Practically every story in Mark 10 just prior to Jesus’ procession into Jerusalem are stories that emphasize a different kind of kingdom and power. Jesus rebukes the disciples for trying to stop the little children from touching him. Jesus says, “Let them come, for the kingdom of God belongs to such as these.” He takes them in his arms and blesses them.

He tells a rich man to give away all his wealth, and tells the disciples that it is easier for a camel to go through the eye of a needle than for a rich person to enter the kingdom of God. Jesus warns them that in God’s new order the first shall be last and the last shall be first.

Then, still thinking God’s kingdom is like worldly kingdoms, and that Jesus is going to reign like earthly rulers, James and John want to sit on Jesus’ left hand and right, occupying positions of prominence and power. Jesus asks them if they are able to drink the cup he is going to drink or to be baptized with the baptism he will be baptized with. They say they are able, but have no idea what Jesus is talking about. Jesus tells them that in the kingdoms of the world rulers lord it over their subjects, but then he turns to them and says, “It is not so among you.” Jesus rebukes them and admonishes them that whoever among them wishes to become great must give up the very notion of being great, and become the servant of all.
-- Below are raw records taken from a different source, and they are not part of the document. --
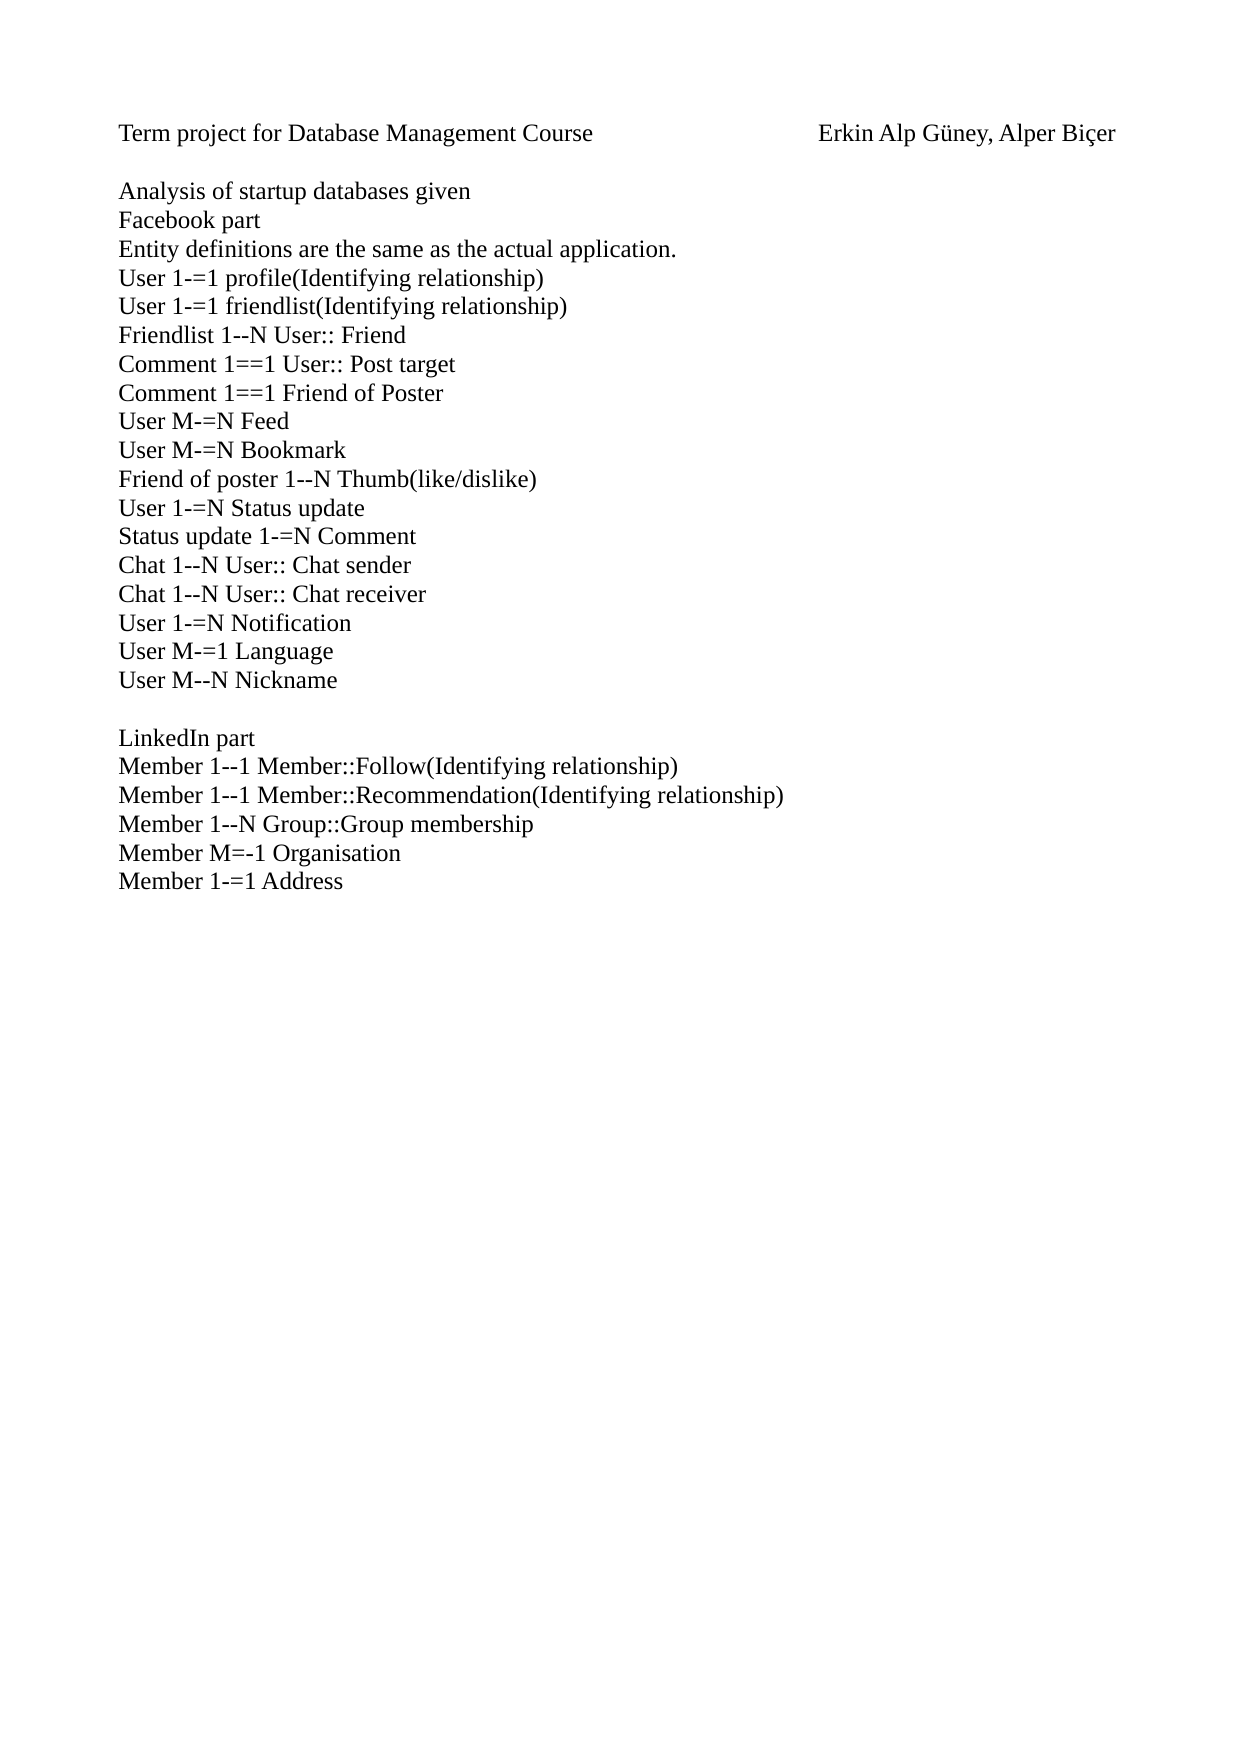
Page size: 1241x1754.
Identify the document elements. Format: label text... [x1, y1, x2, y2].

text Comment 1==1 Friend of Poster [118, 378, 1122, 406]
text User 1-=N Status update [118, 493, 1122, 521]
text Chat 1--N User:: Chat sender [118, 550, 1122, 579]
text Analysis of startup databases given [118, 176, 1122, 205]
text Status update 1-=N Comment [118, 521, 1122, 550]
text Member M=-1 Organisation [118, 838, 1122, 866]
text Member 1--N Group::Group membership [118, 809, 1122, 838]
text User 1-=1 friendlist(Identifying relationship) Friendlist 1--N User:: Friend Comment 1==1 User:: Post target [118, 291, 1122, 378]
text Member 1-=1 Address [118, 866, 1122, 895]
text User M--N Nickname [118, 665, 1122, 694]
text Member 1--1 Member::Follow(Identifying relationship) [118, 751, 1122, 780]
text LinkedIn part [118, 723, 1122, 751]
text Entity definitions are the same as the actual application. [118, 234, 1122, 263]
text Chat 1--N User:: Chat receiver [118, 579, 1122, 608]
text User M-=N Feed [118, 406, 1122, 435]
text User 1-=N Notification [118, 608, 1122, 636]
text User 1-=1 profile(Identifying relationship) [118, 263, 1122, 291]
text Friend of poster 1--N Thumb(like/dislike) [118, 464, 1122, 493]
text Facebook part [118, 205, 1122, 234]
text User M-=1 Language [118, 636, 1122, 665]
text Member 1--1 Member::Recommendation(Identifying relationship) [118, 780, 1122, 809]
text User M-=N Bookmark [118, 435, 1122, 464]
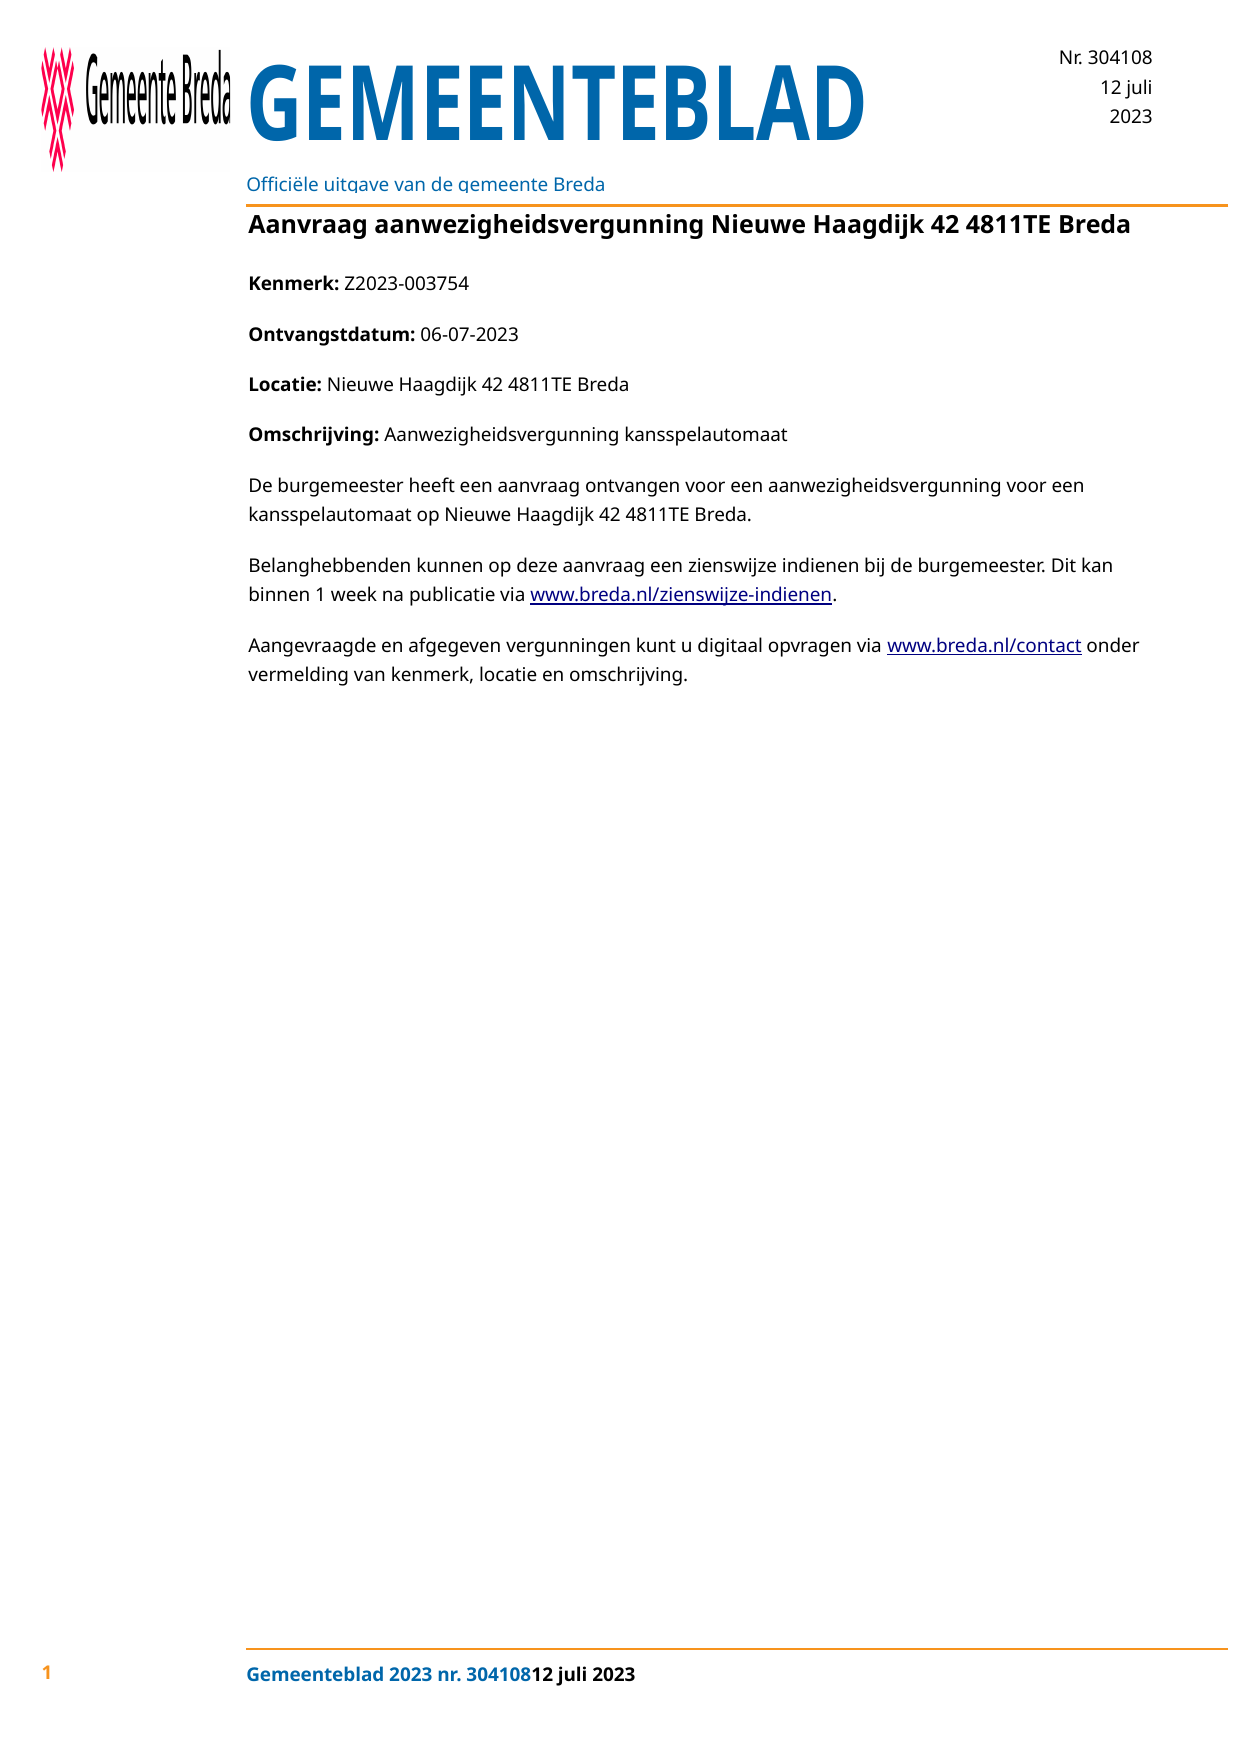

Then Mark tells us that the Son of Man par excellent, the fully human one, Jesus of Nazareth, did not come to be served, but to serve and give his whole life in service to God and others for the liberation of humankind.   

This is a different kind of kingdom and a different kind of power. Those who are truly led by the Spirit of Christ demonstrate this power.

The late biblical scholar and social activist, Walter Wink tells about an experience he shared with a large crowd of both black and white activists during the turbulent weeks when Selma, Alabama was the focal point of the civil rights struggle in the South. The story vividly illustrates the difference between spiritual power and dominant power.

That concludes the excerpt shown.